A gene expression profile–based test coupled with clinicopathologic factor assessment was able to consistently identify patients with melanoma who were at a low risk for their disease spreading to the sentinel lymph nodes, according to findings from the MERLIN_001 trial published in JAMA Surgery.
“This study represents a major step forward in evaluating personalized melanoma care,” said principal investigator Vernon Sondak, MD, Chair of the Cutaneous Oncology Department at Moffitt Cancer Center. “Our results show that the clinicopathologic gene expression profile test adds a level of accuracy above current clinical factors alone, even when factors like mitotic rate and histologic subtype are taken into account, and this kind of knowledge ultimately allows patients and surgeons to make better decisions about when sentinel node biopsy should be part of the management of clinically localized melanoma. In appropriately selected patients, this test can add value for shared decision-making.”
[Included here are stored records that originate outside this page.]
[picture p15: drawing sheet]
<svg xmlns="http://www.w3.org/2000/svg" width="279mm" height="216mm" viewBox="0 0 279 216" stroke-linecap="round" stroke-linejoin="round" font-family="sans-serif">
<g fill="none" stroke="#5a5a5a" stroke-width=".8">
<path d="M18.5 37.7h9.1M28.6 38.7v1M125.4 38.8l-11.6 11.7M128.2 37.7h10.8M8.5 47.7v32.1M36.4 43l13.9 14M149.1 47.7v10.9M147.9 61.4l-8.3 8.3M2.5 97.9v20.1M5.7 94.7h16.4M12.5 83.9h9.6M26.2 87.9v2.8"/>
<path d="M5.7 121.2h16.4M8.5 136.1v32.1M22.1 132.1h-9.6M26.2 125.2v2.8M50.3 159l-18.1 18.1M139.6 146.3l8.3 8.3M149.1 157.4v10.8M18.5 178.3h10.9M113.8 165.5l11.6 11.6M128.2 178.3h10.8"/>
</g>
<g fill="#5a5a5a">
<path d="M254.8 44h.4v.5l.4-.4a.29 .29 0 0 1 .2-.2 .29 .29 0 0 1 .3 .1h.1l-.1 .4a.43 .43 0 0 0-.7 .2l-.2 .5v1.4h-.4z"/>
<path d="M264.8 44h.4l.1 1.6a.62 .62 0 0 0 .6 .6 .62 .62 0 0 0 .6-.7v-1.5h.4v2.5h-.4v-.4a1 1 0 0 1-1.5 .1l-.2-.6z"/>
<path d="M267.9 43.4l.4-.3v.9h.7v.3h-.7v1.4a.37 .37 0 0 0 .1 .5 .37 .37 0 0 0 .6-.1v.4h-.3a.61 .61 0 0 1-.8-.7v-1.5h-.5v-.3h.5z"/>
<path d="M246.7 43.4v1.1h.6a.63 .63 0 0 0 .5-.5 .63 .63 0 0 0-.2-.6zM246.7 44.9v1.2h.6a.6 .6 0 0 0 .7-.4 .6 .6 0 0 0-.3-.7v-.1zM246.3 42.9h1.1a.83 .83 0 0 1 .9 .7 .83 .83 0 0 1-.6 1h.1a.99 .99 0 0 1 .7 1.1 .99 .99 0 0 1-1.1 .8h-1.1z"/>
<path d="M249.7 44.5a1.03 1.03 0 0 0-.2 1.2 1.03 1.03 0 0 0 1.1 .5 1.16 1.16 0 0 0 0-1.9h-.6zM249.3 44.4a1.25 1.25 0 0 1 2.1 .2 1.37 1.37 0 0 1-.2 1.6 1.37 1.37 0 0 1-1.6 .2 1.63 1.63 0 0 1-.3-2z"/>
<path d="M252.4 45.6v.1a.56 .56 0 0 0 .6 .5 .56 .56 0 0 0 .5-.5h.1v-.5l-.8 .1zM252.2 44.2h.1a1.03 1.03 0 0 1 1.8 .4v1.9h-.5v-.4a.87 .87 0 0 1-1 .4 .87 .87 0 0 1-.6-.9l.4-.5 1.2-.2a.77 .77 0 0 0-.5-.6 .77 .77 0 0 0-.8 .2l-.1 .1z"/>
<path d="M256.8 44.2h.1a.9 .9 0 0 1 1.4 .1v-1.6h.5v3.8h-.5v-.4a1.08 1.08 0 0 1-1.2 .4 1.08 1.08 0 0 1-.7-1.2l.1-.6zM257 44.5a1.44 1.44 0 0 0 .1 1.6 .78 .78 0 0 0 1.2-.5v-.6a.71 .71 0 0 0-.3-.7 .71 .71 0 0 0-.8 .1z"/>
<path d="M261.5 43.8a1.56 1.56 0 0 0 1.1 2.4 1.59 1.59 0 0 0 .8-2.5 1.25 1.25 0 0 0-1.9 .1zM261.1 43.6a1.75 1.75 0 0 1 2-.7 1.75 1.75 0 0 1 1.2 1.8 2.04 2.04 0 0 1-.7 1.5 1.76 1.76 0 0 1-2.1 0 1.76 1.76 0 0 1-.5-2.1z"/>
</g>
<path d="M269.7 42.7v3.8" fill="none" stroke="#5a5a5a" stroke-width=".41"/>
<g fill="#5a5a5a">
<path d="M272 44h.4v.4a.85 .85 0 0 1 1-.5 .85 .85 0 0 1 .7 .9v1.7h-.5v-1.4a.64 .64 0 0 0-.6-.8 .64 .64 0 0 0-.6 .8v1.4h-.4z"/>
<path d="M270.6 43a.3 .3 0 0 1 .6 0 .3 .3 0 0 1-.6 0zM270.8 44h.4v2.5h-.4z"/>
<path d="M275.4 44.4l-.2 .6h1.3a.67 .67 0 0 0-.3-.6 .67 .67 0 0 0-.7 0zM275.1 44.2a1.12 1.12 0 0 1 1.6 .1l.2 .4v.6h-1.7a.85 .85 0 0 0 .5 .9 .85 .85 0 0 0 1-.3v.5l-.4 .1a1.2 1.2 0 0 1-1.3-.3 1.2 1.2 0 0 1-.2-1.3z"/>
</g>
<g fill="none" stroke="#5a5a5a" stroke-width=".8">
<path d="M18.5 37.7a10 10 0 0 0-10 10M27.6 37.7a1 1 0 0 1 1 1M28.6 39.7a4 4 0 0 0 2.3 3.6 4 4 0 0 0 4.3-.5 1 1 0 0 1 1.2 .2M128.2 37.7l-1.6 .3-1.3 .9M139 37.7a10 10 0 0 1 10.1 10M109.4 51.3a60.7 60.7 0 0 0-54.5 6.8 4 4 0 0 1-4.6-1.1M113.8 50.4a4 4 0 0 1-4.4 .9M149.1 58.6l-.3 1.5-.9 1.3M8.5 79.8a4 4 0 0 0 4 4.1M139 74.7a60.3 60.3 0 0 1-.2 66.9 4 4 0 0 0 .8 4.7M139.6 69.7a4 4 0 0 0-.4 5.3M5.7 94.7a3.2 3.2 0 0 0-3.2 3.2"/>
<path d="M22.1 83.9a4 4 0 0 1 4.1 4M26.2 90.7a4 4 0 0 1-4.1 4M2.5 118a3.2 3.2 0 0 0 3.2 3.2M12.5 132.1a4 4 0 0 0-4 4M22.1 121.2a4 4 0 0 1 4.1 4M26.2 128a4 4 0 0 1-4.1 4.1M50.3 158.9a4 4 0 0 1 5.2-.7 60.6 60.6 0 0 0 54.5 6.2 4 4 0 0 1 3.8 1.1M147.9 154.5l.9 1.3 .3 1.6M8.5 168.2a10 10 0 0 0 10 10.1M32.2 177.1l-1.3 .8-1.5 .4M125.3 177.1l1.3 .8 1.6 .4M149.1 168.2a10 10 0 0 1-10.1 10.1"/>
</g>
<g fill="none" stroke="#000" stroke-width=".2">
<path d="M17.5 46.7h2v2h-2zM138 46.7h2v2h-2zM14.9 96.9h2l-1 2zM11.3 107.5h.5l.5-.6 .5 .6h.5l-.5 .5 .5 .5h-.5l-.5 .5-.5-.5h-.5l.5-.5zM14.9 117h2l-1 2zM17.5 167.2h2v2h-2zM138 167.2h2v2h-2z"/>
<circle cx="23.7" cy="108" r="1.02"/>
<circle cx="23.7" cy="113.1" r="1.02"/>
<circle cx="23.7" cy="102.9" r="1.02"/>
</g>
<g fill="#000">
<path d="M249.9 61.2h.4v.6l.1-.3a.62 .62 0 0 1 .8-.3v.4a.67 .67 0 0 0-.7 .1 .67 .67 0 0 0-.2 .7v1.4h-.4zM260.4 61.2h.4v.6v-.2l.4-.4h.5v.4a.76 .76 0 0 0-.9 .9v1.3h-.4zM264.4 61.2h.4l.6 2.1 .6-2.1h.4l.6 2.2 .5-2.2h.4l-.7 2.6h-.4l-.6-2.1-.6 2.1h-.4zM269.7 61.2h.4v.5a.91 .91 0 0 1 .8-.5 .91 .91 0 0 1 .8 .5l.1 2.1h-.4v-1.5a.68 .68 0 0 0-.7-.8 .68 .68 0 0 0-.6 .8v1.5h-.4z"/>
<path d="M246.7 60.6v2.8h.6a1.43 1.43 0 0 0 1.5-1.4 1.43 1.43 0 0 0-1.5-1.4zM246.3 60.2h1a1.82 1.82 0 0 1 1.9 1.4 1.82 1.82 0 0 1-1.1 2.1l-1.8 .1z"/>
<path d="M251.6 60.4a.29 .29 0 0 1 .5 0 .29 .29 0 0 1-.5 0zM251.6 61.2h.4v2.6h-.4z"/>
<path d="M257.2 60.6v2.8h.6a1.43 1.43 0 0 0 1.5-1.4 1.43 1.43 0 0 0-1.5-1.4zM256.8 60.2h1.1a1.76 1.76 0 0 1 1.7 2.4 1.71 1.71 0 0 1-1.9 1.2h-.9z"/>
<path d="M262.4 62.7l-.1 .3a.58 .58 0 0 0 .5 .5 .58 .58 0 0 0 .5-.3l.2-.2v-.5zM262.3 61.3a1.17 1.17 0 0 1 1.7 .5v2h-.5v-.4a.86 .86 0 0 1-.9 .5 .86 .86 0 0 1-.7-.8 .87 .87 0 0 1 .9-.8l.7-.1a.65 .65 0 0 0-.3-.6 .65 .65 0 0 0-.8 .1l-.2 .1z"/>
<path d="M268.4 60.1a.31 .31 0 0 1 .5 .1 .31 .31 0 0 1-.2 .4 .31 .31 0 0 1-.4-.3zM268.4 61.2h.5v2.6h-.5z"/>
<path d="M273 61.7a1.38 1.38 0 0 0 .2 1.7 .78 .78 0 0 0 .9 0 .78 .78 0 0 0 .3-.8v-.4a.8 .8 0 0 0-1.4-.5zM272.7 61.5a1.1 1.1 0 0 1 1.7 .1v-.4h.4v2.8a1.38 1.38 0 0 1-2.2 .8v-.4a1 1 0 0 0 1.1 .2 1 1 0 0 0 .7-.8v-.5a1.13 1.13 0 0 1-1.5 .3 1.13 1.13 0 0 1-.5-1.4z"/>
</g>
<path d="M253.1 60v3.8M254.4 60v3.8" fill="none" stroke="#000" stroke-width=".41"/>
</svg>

Background and Study Methods
Guidelines recommend a sentinel lymph node biopsy for patients with melanoma who have a predicted risk of sentinel lymph node metastasis of more than 10%, and suggest that sentinel lymph node biopsy be considered for patients with a risk of 5% to 10%.
Researchers wanted to determine if a gene expression profile–based test combined with clinicopathologic factors could help to predict the possibility of a positive sentinel lymph node biopsy in patients with T1 to T3 melanoma in order to guide which patients should undergo biopsy or not.
They conducted the blinded, multicenter, prognostic MERLIN_001 study between September 2021 and June 2024 and enrolled patients with biopsy-proven invasive cutaneous melanoma with T1 to T3 tumor stage and clinically negative regional lymph nodes. Gene expression profile testing was performed on tissue from the primary melanoma biopsy to determine risk for a positive sentinel lymph node biopsy.
Key Study Findings
A total of 1,761 patients underwent sentinel lymph node biopsy, with 17.6% having positive sentinel lymph nodes. Gene expression profile testing was completed successfully in 97.7% of samples.
Thirty-seven percent of patients were considered low risk by gene expression profile testing plus clinicopathologic factor assessment, and 7.1% of these patients were sentinel lymph node–positive. The negative predictive value of the gene expression profile testing was 92.9% (95% confidence interval [CI] = 90.7%–94.8%).
Fewer low-risk cases were found by increasing T category according to gene expression profile testing plus clinicopathologic factors: 68.2% of patients with T1 tumors were found to be low risk, 32.9% of T2 tumors, and 2.8% of T3 tumors.
Among high-risk patients, 23.8% were found to be sentinel lymph node–positive, amounting to an almost threefold increase from that of low-risk cases.
The gene expression profile test and clinicopathologic factors was consistently able to identify sentinel lymph node–positive cases across primary sites, histologic subtypes, and mitotic counts.
“This trial marks a milestone in our ability to personalize melanoma treatment by integrating gene expression profile testing with clinical decision-making,” said contributing study author Jonathan Zager, MD, Surgical Oncologist in the Cutaneous Oncology Department at Moffitt Cancer Center. “By helping identify who’s truly low risk for lymph node metastasis, the Merlin assay allows us, as clinicians, to make more informed, evidence-based choices and potentially spare some patients an unnecessary procedure and the general anesthesia that goes along with it.”
Disclosure: The trial was sponsored by SkylineDx. For full disclosures of the study authors, visit jamanetwork.com.